WHAT YOU HAVE TO DO ->
Could you give back the records exactly, taking out the pictures?

# # # #

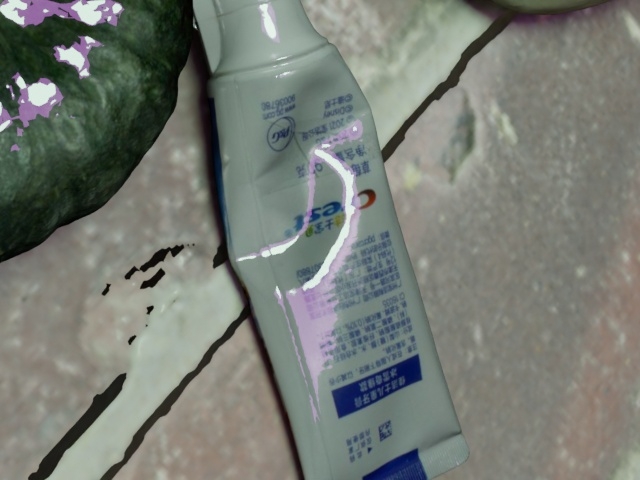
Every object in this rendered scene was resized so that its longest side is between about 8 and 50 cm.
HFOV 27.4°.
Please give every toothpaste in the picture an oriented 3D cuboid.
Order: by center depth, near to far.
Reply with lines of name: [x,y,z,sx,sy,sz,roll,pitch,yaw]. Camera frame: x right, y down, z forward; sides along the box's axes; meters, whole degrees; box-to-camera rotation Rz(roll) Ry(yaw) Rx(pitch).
toothpaste: [0.000,0.000,0.626,0.096,0.061,0.266,-21,100,-29]

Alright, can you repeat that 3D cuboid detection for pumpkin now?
pumpkin: [-0.148,-0.093,0.500,0.211,0.152,0.212,0,90,-41]

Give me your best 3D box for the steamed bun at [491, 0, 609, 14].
steamed bun: [0.160,-0.296,0.644,0.324,0.219,0.310,-32,99,-27]
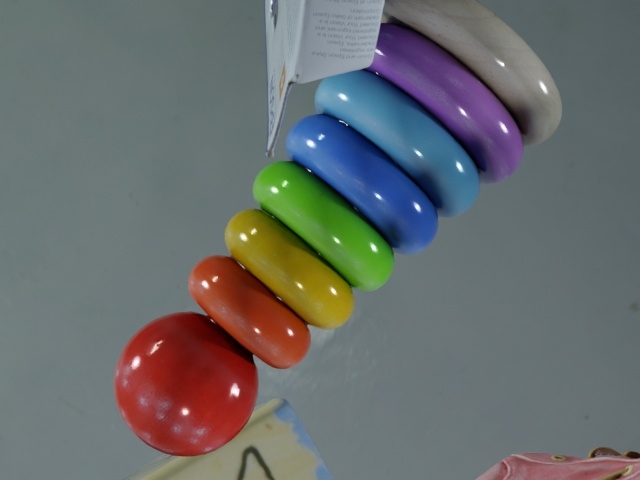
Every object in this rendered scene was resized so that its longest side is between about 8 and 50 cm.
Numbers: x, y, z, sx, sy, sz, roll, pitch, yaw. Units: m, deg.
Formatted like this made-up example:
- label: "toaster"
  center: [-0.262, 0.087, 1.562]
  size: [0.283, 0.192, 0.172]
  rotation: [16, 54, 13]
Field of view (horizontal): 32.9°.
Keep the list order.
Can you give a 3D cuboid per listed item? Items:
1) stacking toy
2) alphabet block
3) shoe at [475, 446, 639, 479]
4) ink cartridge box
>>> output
- label: "stacking toy"
  center: [0.000, 0.000, 0.680]
  size: [0.141, 0.141, 0.330]
  rotation: [38, 85, 14]
- label: "alphabet block"
  center: [-0.096, 0.270, 0.911]
  size: [0.197, 0.193, 0.192]
  rotation: [-27, 84, -32]
- label: "shoe"
  center: [0.132, 0.106, 0.449]
  size: [0.178, 0.081, 0.063]
  rotation: [-25, 112, -9]
- label: "ink cartridge box"
  center: [0.005, -0.193, 0.553]
  size: [0.045, 0.224, 0.223]
  rotation: [4, 45, -8]
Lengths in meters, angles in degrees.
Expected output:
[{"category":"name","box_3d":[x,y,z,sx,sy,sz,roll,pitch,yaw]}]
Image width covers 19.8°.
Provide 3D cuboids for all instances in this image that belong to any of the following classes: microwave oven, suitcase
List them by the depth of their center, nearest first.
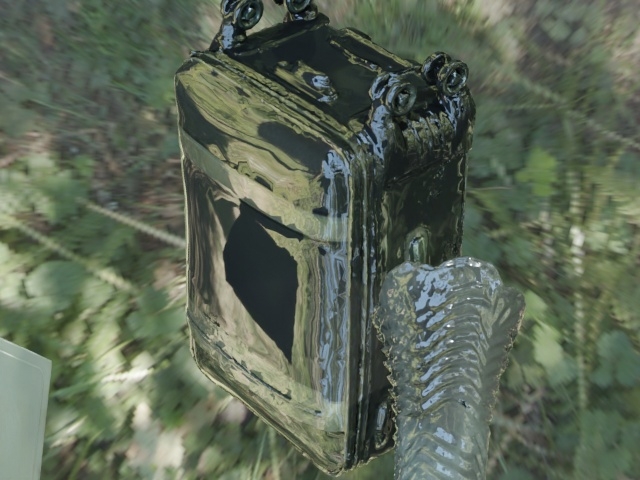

# # # #

YOUR SOLUTION ->
Every object in this rendered scene was resized so that its longest side is between about 8 and 50 cm.
HFOV 27.4°.
Please give every toothpaste in the picture an oriented 3D cuboid.
Order: by center depth, near to far.
Reply with lines of name: [x,y,z,sx,sy,sz,roll,pitch,yaw]. Camera frame: x right, y down, z forward; sides along the box's axes; meters, whole degrees; box-to-camera rotation Rz(roll) Ry(yaw) Rx(pitch).
toothpaste: [0.000,0.000,0.626,0.096,0.061,0.266,-21,100,-29]

Alright, can you repeat that 3D cuboid detection for pumpkin now?
pumpkin: [-0.148,-0.093,0.500,0.211,0.152,0.212,0,90,-41]

Give me your best 3D box for the steamed bun at [491, 0, 609, 14].
steamed bun: [0.160,-0.296,0.644,0.324,0.219,0.310,-32,99,-27]
Every object in this rendered scene was resized so that its longest side is between about 8 and 50 cm.
Numbers: x, y, z, sx, sy, sz, roll, pitch, yaw. Units: m, deg.
Formatted like this made-up example:
- label: "toaster"
  center: [-0.262, 0.087, 1.562]
  size: [0.283, 0.192, 0.172]
  rotation: [16, 54, 13]
Field of view (horizontal): 32.9°.
Keep the list order.
Can you give a 3D cuboid per listed item? Items:
1) stacking toy
2) alphabet block
3) shoe at [475, 446, 639, 479]
4) ink cartridge box
>>> output
- label: "stacking toy"
  center: [0.000, 0.000, 0.680]
  size: [0.141, 0.141, 0.330]
  rotation: [38, 85, 14]
- label: "alphabet block"
  center: [-0.096, 0.270, 0.911]
  size: [0.197, 0.193, 0.192]
  rotation: [-27, 84, -32]
- label: "shoe"
  center: [0.132, 0.106, 0.449]
  size: [0.178, 0.081, 0.063]
  rotation: [-25, 112, -9]
- label: "ink cartridge box"
  center: [0.005, -0.193, 0.553]
  size: [0.045, 0.224, 0.223]
  rotation: [4, 45, -8]
Lengths in meters, angles in degrees.
Expected output:
[{"category":"name","box_3d":[x,y,z,sx,sy,sz,roll,pitch,yaw]}]
Image width covers 19.8°.
Provide 3D cuboids for all instances in this image that belong to any of the following classes: microwave oven, suitcase
List them by the depth of their center, nearest first.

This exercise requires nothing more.